- Nationality: Macanese
- Born: 10 June 1977 (age 49)

Macau Touring Car Championship career
- Debut season: 2010
- Current team: Macau David Racing Team
- Car number: 99
- Best finish: 1st in 2010

Previous series
- 2012-13 2008: WTCC ATCC

Championship titles
- 2010: Macau Touring Car Championship

= Eurico de Jesus =

Macanese racing driver (born 1977)

Eurico de Jesus (born 10 June 1977) is a Macanese racing driver currently competing in the Macau Touring Car Championship. He is a former World Touring Car Championship driver, who made his debut in 2012.

==Racing career==
De Jesus began his career in 2008 in the CTM Macau Touring Car Race, he also raced in the Asian Touring Car Championship that season. In 2012 de Jesus made his World Touring Car Championship debut with Five Auto Racing Team driving a Honda Accord Euro R in the last round in Macau.

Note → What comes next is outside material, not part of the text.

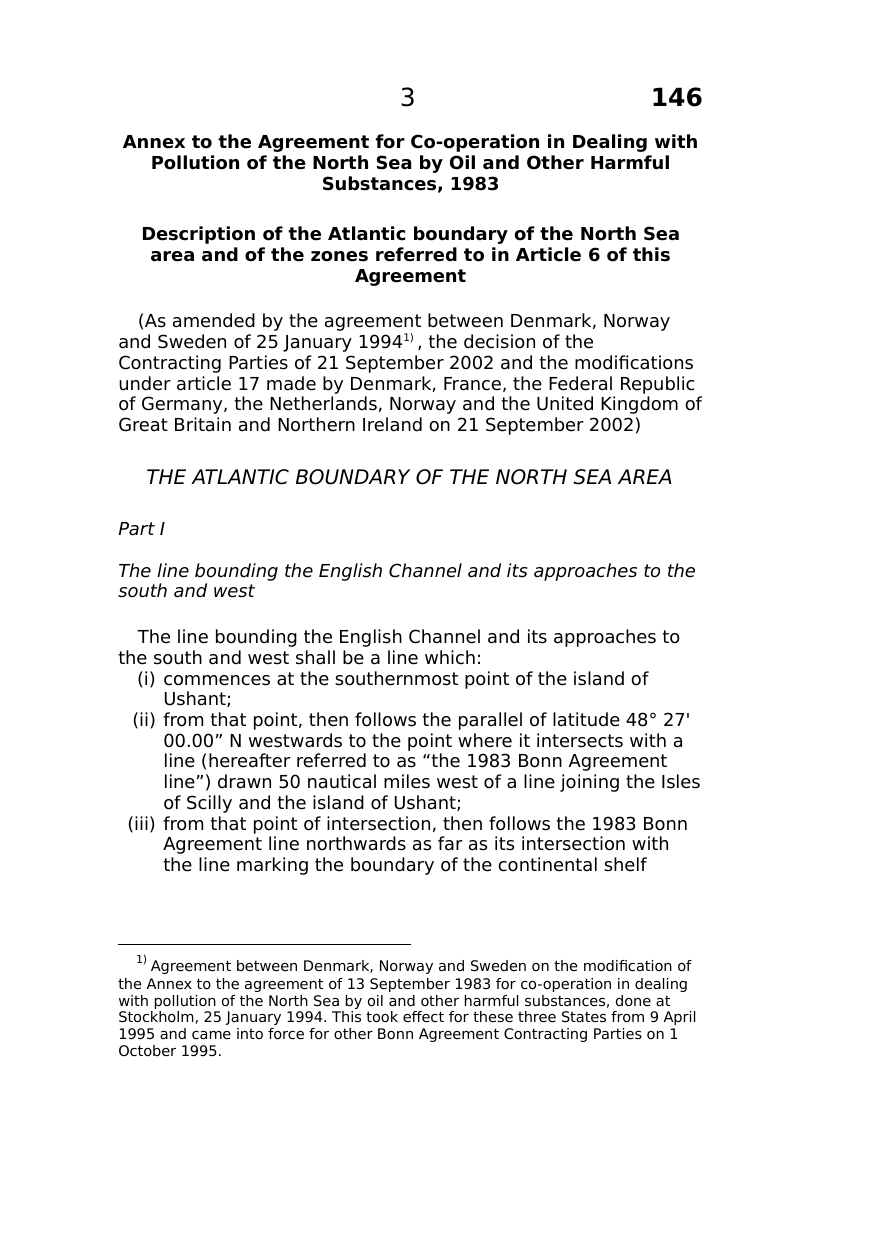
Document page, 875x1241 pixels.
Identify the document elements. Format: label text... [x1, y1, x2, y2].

In November 2013, it was announced that he would race in the last round in Macau, this time his car was run by PAS Macau Racing Team. He would end up being the catalyst of race 2's second red flag; losing his left rear tyre hitting the crippled car of Tom Chilton, he caused a safety car condition, but as the safety car led the field past his crash scene, several cars came barreling in causing further accidents at the same location resulting in the red flag.

==Racing record==

===Complete World Touring Car Championship results===
(key) (Races in bold indicate pole position – 1 point awarded just in first race; races in italics indicate fastest lap – 1 point awarded all races; * signifies that driver led race for at least one lap – 1 point given all races)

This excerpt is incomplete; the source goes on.